News: Barely a week after legislating controversial emergency decree, defense minister says public push back looking like “color revolution”
Burayu, 23 km west of Addis Abeba, was deserted for the third day today
Liyat Fekade
Addis Abeba, March 07/2018 – Presenting the first report since the national parliament legislated the controversial state of emergency, Siraj Fegessa, the defense minister and chairman of the command post established to oversee the implementation of the emergency rule, said that some of the protests that flared up in various parts of the country were taking the form of “color revolution”due to the tendency of “attempts to seize state power by some actors” who are instigating the protests.
Speaking at a presser this afternoon, the defense minister also said security forces dispatched to enforce the decree have sustained violent push backs in various places that included confiscations of their weaponry and physical harm. Seventeen security forces were hurt so far, according to Siraj. He also said several areas have witnessed property damages including looting, breaking ins and torching of government offices – particularly Woreda and Kebele offices – as well as burning of public buses and government vehicles. Four vehicles were torched beyond repair and ten vehicles, including public buses, were destroyed in various places.

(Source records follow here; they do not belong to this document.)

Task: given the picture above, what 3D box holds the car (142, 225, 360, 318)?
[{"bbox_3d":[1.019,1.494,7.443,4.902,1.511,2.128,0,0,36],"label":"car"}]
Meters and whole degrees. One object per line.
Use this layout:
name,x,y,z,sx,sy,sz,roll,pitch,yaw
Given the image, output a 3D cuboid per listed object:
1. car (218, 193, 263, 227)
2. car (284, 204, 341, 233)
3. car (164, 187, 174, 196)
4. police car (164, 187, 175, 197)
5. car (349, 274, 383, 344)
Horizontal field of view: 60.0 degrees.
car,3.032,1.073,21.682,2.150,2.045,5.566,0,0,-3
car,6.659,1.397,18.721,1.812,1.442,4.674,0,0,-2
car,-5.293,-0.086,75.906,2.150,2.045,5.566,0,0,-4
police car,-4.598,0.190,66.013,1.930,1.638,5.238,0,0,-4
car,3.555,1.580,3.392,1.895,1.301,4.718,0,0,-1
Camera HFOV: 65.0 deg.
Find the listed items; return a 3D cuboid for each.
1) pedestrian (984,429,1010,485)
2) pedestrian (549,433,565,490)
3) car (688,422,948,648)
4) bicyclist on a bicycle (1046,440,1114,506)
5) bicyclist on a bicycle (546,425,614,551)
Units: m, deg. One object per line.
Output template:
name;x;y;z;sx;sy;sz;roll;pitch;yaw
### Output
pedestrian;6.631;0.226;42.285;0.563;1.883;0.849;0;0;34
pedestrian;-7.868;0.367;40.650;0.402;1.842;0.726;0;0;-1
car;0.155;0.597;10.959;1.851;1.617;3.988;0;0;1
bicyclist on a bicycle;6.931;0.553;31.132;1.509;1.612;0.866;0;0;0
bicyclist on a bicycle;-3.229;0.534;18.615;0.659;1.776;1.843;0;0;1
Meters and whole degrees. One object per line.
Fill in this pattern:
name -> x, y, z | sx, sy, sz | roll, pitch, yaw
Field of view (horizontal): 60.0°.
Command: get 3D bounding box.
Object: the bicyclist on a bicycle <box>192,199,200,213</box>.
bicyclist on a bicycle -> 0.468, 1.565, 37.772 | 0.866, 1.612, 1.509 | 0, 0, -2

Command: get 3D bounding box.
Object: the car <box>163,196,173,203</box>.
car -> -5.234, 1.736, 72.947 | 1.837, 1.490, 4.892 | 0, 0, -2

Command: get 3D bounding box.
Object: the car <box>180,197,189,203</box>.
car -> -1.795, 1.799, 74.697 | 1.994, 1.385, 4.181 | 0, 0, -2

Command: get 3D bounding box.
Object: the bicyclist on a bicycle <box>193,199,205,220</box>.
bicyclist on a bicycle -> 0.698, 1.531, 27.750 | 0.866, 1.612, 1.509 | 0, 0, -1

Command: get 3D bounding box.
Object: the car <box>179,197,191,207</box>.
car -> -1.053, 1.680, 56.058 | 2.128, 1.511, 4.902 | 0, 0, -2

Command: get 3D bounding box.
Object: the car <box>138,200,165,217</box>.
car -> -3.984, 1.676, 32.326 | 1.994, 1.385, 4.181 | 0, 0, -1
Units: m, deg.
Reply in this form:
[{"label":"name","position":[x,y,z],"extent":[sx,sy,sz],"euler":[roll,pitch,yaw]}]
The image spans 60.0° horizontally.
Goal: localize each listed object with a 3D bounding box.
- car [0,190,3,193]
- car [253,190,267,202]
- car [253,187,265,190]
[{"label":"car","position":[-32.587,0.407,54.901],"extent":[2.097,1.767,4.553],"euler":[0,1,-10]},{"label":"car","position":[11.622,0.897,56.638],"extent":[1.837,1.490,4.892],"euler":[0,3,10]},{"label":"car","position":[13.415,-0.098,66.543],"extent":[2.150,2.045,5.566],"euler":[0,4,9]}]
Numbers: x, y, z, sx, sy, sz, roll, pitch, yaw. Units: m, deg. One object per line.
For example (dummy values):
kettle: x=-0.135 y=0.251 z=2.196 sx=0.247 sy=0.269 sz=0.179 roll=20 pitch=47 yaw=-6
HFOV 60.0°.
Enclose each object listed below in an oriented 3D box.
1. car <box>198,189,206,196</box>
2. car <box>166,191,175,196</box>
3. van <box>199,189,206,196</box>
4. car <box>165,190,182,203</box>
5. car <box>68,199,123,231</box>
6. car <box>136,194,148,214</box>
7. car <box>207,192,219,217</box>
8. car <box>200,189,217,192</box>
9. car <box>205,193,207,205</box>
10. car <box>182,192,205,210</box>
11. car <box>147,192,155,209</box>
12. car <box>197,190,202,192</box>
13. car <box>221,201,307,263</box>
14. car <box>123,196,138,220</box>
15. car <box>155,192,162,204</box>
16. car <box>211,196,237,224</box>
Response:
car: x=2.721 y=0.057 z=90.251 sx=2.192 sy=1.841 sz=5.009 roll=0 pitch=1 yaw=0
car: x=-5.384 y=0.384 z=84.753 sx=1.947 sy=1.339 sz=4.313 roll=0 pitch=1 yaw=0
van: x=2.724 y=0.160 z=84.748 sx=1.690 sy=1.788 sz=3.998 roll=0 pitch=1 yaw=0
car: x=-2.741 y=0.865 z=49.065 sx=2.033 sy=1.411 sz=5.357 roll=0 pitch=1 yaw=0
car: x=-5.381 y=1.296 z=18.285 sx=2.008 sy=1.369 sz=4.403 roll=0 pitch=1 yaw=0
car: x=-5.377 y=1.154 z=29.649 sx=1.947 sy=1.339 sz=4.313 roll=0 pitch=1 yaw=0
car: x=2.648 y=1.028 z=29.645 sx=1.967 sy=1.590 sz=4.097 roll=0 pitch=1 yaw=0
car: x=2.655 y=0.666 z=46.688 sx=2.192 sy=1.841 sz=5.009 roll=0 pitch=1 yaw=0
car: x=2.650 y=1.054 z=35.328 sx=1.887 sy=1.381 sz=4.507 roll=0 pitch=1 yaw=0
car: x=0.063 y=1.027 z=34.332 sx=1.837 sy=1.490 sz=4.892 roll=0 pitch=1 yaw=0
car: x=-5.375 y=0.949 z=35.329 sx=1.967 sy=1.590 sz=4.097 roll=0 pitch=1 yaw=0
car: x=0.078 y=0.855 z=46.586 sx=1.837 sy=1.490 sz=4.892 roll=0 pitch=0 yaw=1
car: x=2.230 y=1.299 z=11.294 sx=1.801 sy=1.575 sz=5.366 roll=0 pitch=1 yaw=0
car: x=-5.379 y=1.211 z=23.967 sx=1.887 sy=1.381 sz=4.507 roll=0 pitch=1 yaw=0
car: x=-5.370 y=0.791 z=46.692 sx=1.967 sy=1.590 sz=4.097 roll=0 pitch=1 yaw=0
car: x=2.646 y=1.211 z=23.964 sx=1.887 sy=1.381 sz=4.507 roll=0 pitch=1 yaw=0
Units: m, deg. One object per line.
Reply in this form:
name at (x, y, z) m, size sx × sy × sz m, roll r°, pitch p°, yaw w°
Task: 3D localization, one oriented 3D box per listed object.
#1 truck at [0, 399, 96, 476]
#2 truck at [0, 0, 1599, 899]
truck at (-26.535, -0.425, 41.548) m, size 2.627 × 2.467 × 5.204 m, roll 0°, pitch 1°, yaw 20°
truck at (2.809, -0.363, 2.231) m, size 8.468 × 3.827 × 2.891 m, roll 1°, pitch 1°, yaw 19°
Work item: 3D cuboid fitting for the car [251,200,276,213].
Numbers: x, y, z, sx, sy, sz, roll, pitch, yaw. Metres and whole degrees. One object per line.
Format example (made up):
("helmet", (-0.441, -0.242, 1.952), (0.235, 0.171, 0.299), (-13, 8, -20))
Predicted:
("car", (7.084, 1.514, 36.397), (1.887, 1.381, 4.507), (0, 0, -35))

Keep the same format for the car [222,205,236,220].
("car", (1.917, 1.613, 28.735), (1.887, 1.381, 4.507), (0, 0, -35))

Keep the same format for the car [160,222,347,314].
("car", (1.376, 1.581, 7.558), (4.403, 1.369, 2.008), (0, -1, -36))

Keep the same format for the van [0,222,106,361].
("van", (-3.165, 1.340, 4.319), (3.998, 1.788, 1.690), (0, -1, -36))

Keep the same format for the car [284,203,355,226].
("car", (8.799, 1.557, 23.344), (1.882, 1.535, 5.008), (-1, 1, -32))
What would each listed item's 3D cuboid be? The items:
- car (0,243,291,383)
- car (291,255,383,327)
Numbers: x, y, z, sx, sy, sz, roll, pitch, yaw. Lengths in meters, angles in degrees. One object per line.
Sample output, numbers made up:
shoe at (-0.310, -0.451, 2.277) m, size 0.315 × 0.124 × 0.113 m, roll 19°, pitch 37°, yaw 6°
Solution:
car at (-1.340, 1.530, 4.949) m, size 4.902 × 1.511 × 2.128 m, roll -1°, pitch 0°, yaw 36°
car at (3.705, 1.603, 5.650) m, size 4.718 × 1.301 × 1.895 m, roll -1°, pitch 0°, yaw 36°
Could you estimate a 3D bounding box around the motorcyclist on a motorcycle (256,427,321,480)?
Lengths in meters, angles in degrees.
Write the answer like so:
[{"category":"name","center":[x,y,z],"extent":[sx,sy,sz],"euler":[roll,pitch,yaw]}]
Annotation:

Siraj’s presser came on the third and last day of Oromia-wide strike called by online activists to protest against the state of emergency. Scores of businesses, civil service offices and schools have been shuttered in many parts of the regional state since Monday morning. Transport services connecting the capital Addis Abeba to various places in the region have also been affected due mainly to road blockages. Siraj said from 80% to 90% of the blockages were already cleared but roads leading from the capital to Nekemt and Assosa in western Ethiopia remained closed and the work to clear the road from Addis Abeba to Jimma via Woliso was ongoing. He blamed the online activists as ‘anarchists’ who want to violently seize state power. According to him, some of the boycotts were happening because citizens were scared for their security.